◆ Exercise ◆
The answer must be one number: how many lines below contain the word "boxes".

(Saved entries)
○ ○ ○ ○

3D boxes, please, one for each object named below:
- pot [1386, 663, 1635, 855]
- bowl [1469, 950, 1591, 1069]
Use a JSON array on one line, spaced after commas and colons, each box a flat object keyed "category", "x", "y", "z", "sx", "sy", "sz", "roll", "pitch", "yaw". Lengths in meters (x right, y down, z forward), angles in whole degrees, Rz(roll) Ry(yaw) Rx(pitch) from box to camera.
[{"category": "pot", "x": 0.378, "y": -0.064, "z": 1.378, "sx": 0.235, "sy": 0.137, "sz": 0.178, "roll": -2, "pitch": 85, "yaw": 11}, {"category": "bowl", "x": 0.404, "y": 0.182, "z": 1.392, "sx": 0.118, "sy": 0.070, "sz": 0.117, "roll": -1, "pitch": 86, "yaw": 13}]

○ ○ ○ ○

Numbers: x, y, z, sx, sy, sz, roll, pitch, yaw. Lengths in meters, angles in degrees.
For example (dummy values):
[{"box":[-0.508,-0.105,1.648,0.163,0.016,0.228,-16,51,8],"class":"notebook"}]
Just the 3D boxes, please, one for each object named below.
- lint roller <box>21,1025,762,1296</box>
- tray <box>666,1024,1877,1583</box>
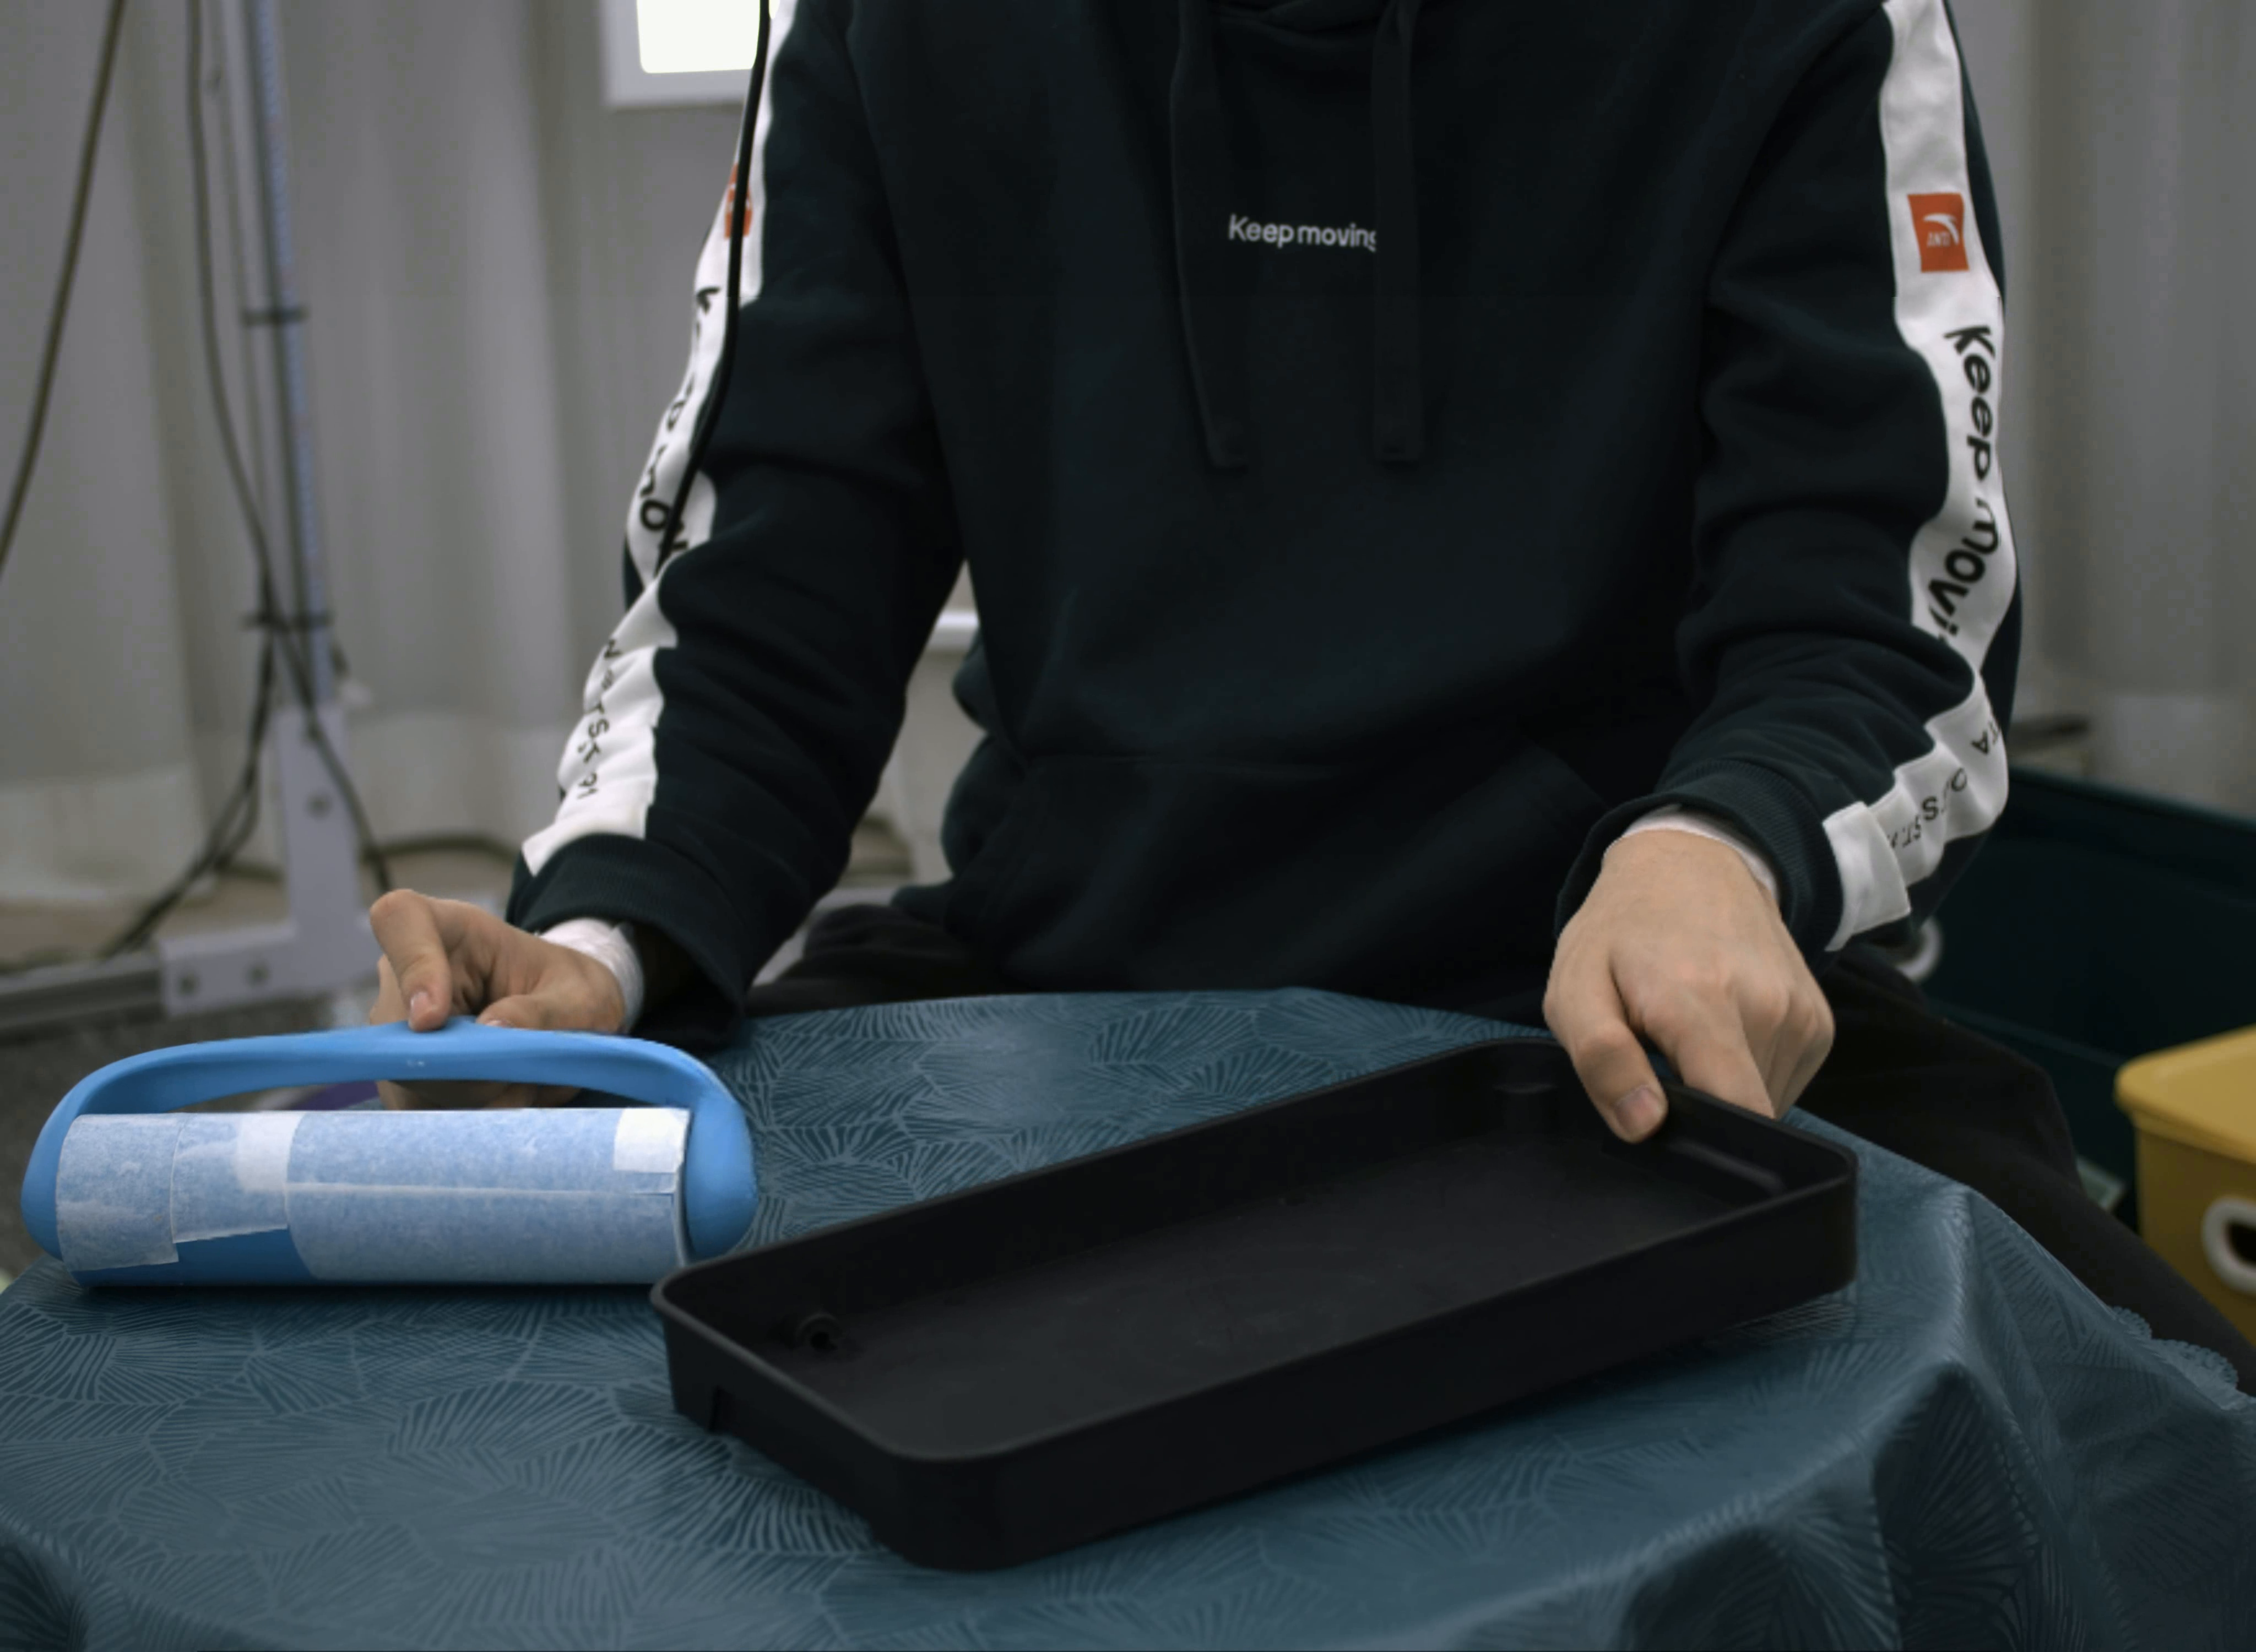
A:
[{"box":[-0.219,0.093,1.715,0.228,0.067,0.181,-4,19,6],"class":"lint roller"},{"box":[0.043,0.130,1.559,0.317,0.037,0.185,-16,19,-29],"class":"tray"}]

○ ○ ○ ○

◆ Output of the exercise ◆
2